WEST LAFAYETTE, Ind. - Yeast can quickly adapt to changes in its environment with the help of molecules known as long non-coding RNAs, a Purdue study shows.
Elizabeth Tran, assistant professor of biochemistry, and her fellow researchers found that long non-coding RNAs prepare metabolic genes to be activated swiftly when baker's yeast needs to switch its source of energy from glucose - its main sugar source - to an alternative sugar, galactose.
The study is the first to link long non-coding RNAs with the timing of gene expression.
"The fact that long non-coding RNAs are involved in the timing of gene expression was totally unexpected," Tran said. "This opens up new and exciting challenges for the future of genomic research."
Long non-coding RNAs - ribonucleic acids that are longer than 200 nucleotides - are molecules that influence the expression of protein-coding genes in yeast, plants and mammals. They were first described in 2007, and the functions of the vast majority of these molecules remain unknown.
One suggested role of long non-coding RNAs in yeast was gene repression, but Tran's study showed the opposite is true: Long non-coding RNAs accelerate the activation of genes involved in galactose digestion when glucose is lacking in the environment.
Yeast with long non-coding RNA begin metabolizing galactose about 30 minutes quicker than yeast without - a significant time difference in an organism that replicates every 90 minutes.
"That quick shift could make the difference in survival," Tran said.
Over time, the level of galactose enzyme gene expression in yeast with and without long non-coding RNAs becomes the same, but "it's that initial burst of gene expression in response to the environment that may provide a significant evolutionary advantage," said Tran.
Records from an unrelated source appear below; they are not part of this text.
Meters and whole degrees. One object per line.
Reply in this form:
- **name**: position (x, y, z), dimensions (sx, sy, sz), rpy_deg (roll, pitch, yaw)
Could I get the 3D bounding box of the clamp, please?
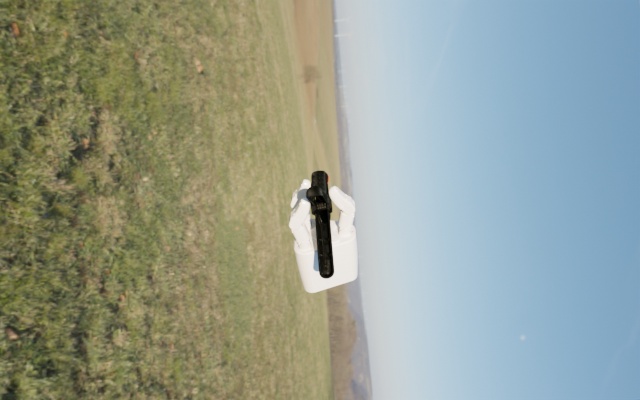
- **clamp**: position (0.001, 0.002, 0.802), dimensions (0.036, 0.165, 0.209), rpy_deg (-5, 37, 4)
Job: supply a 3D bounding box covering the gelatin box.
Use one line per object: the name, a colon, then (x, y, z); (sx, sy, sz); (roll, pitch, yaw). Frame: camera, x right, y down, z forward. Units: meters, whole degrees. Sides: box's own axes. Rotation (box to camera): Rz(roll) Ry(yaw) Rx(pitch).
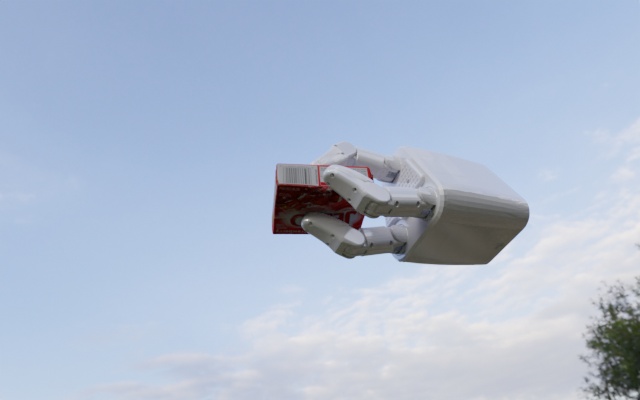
gelatin box: (0.000, 0.001, 0.452); (0.089, 0.030, 0.073); (2, -40, -8)
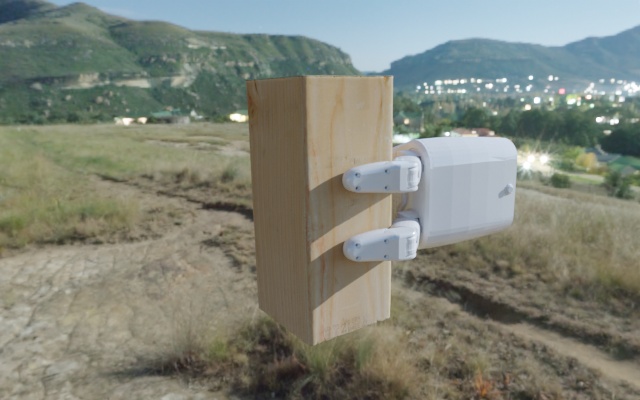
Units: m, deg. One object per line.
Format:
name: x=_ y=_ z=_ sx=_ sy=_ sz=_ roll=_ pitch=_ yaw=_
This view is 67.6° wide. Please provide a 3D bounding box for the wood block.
wood block: x=0.000 y=0.001 z=0.409 sx=0.090 sy=0.206 sz=0.091 roll=-10 pitch=15 yaw=-33

She likened it to the edge a sprinter would gain over his opponents by propelling himself out of the starting block ahead of them.
"One reason the runner Usain Bolt is so fast is that he developed a technique of getting out of the block really quickly," she said. "Being able to do that means you can spread out your energy during the race - all because you started faster at the beginning."
Tran said that similar long non-coding RNAs might play a role in the timing of gene expression in humans as well. In mammals, they are often associated with genes that control growth and organ development, which require tight control of initiation timing.
"When a growing embryo has to make an arm, for example, that timing has to be incredibly precise," she said.
Humans contain upwards of 8,000 long non-coding RNAs, some of which have been linked to cancer, developmental diseases and cardiomyopathy and other non-DNA mutations in the genome. Tran said the chances are high that long non-coding RNAs play a role in human diseases, developmental defects and delays.
"Now the question becomes why long non-coding RNAs are so closely associated with development," Tran said. "Having opened up the possibility that they're linked to timing and not end level of gene expression is really key."
Long noncoding RNAs (lncRNAs) are a class of molecules that impinge on the expression of protein-coding genes. Previous studies have suggested that the GAL cluster-associated lncRNAs of Saccharomyces cerevisiae repress expression of the protein-coding GAL genes. Herein, we demonstrate a previously unrecognized role for the GAL lncRNAs in activating gene expression. In yeast strains lacking the RNA helicase, DBP2, or the RNA decay enzyme, XRN1, we find that the GAL lncRNAs specifically accelerate gene expression from a prior repressive state. Furthermore, we provide evidence that the previously suggested repressive role is a result of specific mutant phenotypes, rather than a reflection of the normal, wild-type function of these noncoding RNAs. To shed light on the mechanism for lncRNA-dependent gene activation, we show that rapid induction of the protein-coding GAL genes is associated with faster recruitment of RNA polymerase II and reduced association of transcriptional repressors with GAL gene promoters. This suggests that the GAL lncRNAs enhance expression by derepressing of the GAL genes. Consistently, the GAL lncRNAs enhance the kinetics of transcriptional induction, promoting faster expression of the protein-coding GAL genes upon the switch in carbon source. We suggest that the GAL lncRNAs poise inducible genes for rapid activation, enabling cells to more effectively trigger new transcriptional programs in response to cellular cues.